### [PROBLEM REQUIREMENTS]
Skip every picture. Print each line from the one containing "Example of the" through the end of the records below, word for word.
START MATERIAL TO PROCESS
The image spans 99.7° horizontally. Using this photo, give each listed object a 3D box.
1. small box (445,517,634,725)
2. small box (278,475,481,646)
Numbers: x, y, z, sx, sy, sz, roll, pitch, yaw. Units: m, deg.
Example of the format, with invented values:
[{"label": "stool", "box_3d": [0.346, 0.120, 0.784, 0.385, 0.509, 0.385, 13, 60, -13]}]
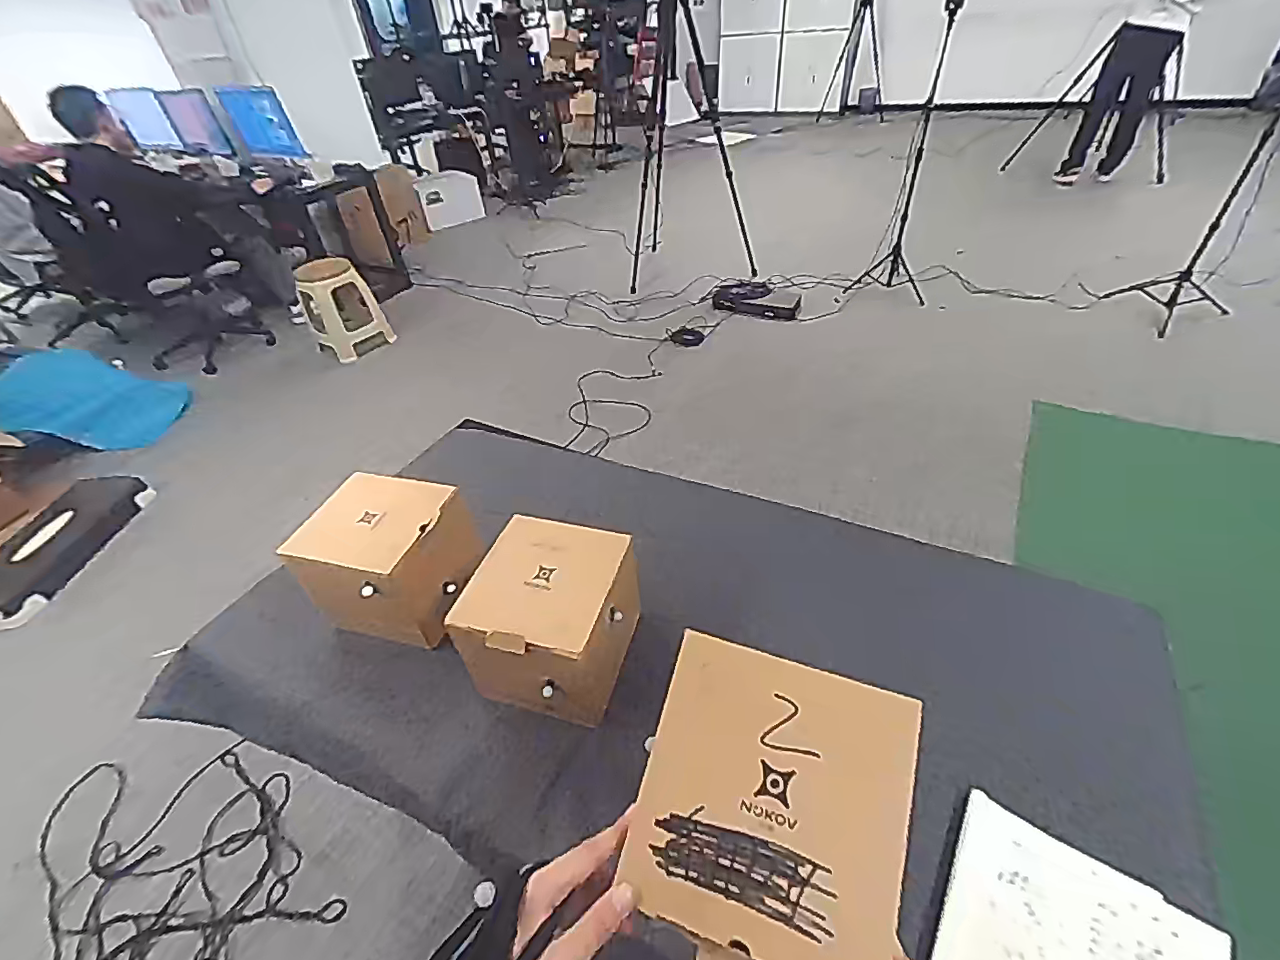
END MATERIAL TO PROCESS
### [RESPONSE BOX]
Example of the format, with invented values:
[{"label": "stool", "box_3d": [0.346, 0.120, 0.784, 0.385, 0.509, 0.385, 13, 60, -13]}]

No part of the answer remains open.